Of course, all of this is just conjecture at this point. This analysis is only looking at one part of the puzzle — the US carriers current exposure to Mexican flying. This assumes, which Gary pointed out, that the flu is able to be contained in Mexico.

And right now, that looks like a big assumption.

But let’s say that is the case. If that is the case, Alaska Airlines, Continental Airlines, US Airways and American Airlines are the four airlines that have the biggest percentage of their passenger revenue tied up on Mexican routes. Note that even though Alaska’s total O&D revenue tied to Mexico puts it fifth on the list, those flights make up 8% of the airline’s passenger revenues. A huge amount.



Airline Sector Hit Hard By Flu Concerns

Just in case you were so wrapped up with the NBA playoffs or the NFL draft that you didn’t watch much news over the weekend, or you didn’t read Jonathan’s note here that was posted last night — the reason your favorite airline stock is posting a loss this morning is directly attributable to one thing.
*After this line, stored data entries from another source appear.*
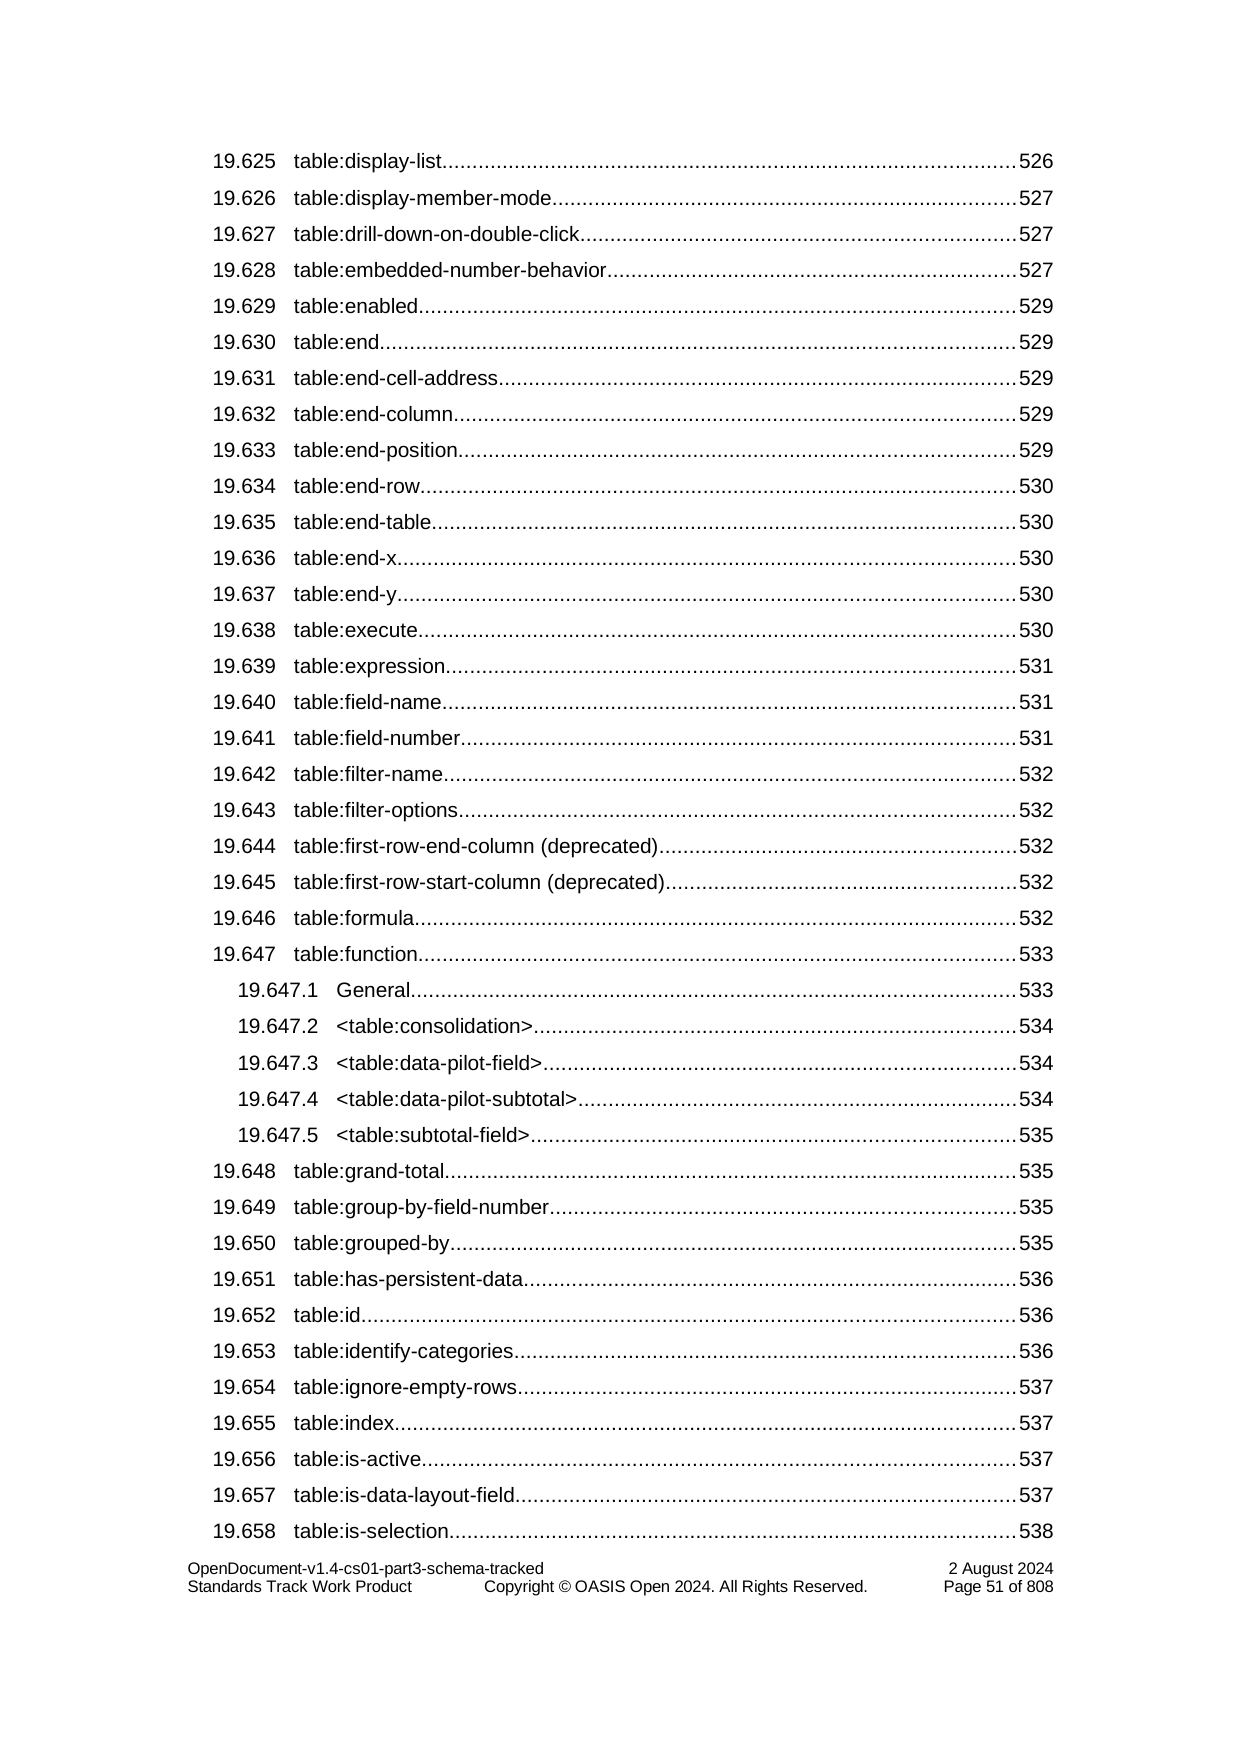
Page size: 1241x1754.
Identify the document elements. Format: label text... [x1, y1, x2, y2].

text 19.629 table:enabled 529 [212, 294, 1053, 318]
text 19.653 table:identify-categories 536 [212, 1339, 1053, 1363]
text 19.632 table:end-column 529 [212, 402, 1053, 426]
text 19.647.4 <table:data-pilot-subtotal> 534 [237, 1087, 1053, 1111]
text 19.648 table:grand-total 535 [212, 1159, 1053, 1183]
text 19.647.2 <table:consolidation> 534 [237, 1015, 1053, 1038]
text 19.642 table:filter-name 532 [212, 763, 1053, 786]
text 19.647.1 General 533 [237, 979, 1053, 1002]
text 19.645 table:first-row-start-column (deprecated) 532 [212, 871, 1053, 894]
text 19.630 table:end 529 [212, 330, 1053, 354]
text 19.640 table:field-name 531 [212, 691, 1053, 714]
text 19.633 table:end-position 529 [212, 438, 1053, 462]
text 19.631 table:end-cell-address 529 [212, 366, 1053, 390]
text 19.637 table:end-y 530 [212, 582, 1053, 606]
text 19.641 table:field-number 531 [212, 727, 1053, 750]
text 19.654 table:ignore-empty-rows 537 [212, 1375, 1053, 1399]
text 19.647.3 <table:data-pilot-field> 534 [237, 1051, 1053, 1074]
text 19.655 table:index 537 [212, 1411, 1053, 1435]
text 19.636 table:end-x 530 [212, 546, 1053, 570]
text 19.643 table:filter-options 532 [212, 799, 1053, 822]
text 19.652 table:id 536 [212, 1303, 1053, 1327]
text 19.628 table:embedded-number-behavior 527 [212, 258, 1053, 282]
text 19.644 table:first-row-end-column (deprecated) 532 [212, 835, 1053, 858]
text 19.658 table:is-selection 538 [212, 1519, 1053, 1543]
text 19.638 table:execute 530 [212, 618, 1053, 642]
text 19.646 table:formula 532 [212, 907, 1053, 930]
text 19.647 table:function 533 [212, 943, 1053, 966]
text 19.650 table:grouped-by 535 [212, 1231, 1053, 1255]
text 19.656 table:is-active 537 [212, 1447, 1053, 1471]
text 19.625 table:display-list 526 [212, 150, 1053, 173]
text 19.634 table:end-row 530 [212, 474, 1053, 498]
text 19.649 table:group-by-field-number 535 [212, 1195, 1053, 1219]
text 19.627 table:drill-down-on-double-click 527 [212, 222, 1053, 246]
text 19.639 table:expression 531 [212, 654, 1053, 678]
text 19.651 table:has-persistent-data 536 [212, 1267, 1053, 1291]
text 19.635 table:end-table 530 [212, 510, 1053, 534]
text 19.626 table:display-member-mode 527 [212, 186, 1053, 209]
text 19.657 table:is-data-layout-field 537 [212, 1483, 1053, 1507]
text 19.647.5 <table:subtotal-field> 535 [237, 1123, 1053, 1147]

Swine flu.

Or rather, fears that the flu, which has, up to now, been concentrated in areas of Mexico, but has already crossed the border to the U.S., has gone beyond the stage where cases that have been confirmed can be ‘contained.’

As a result, memories of the SARS epidemic of a few years ago, and what it did to the industry, (the Asian carriers were particularly hard hit) has investors selling off shares of airline stocks faster than you can buy a box of Kleenex.

The major airlines are taking the brunt of the selloff this morning, with shares of Continental, Delta, US Airways, United, Southwest, and American all down by double digits. Or very close to double digits.

Southwest Airlines Picks the Wrong Day to Trumpet Their LinkUp With Volaris

Talk about bad timing.

The Associated Press headline reads, “Southwest Airlines to add link to Mexico’s Volaris.”

This morning Southwest Airlines issued a press release in which it announced that it was putting a link on its website which will allow customers to buy tickets on Mexican airline Volaris. The two had already announced plans for a marketing/codeshare agreement last year.

Just what I want to do today. Fly to Mexico.

Just what an airline wants today — have their name in the headlines along with the word, “Mexico.”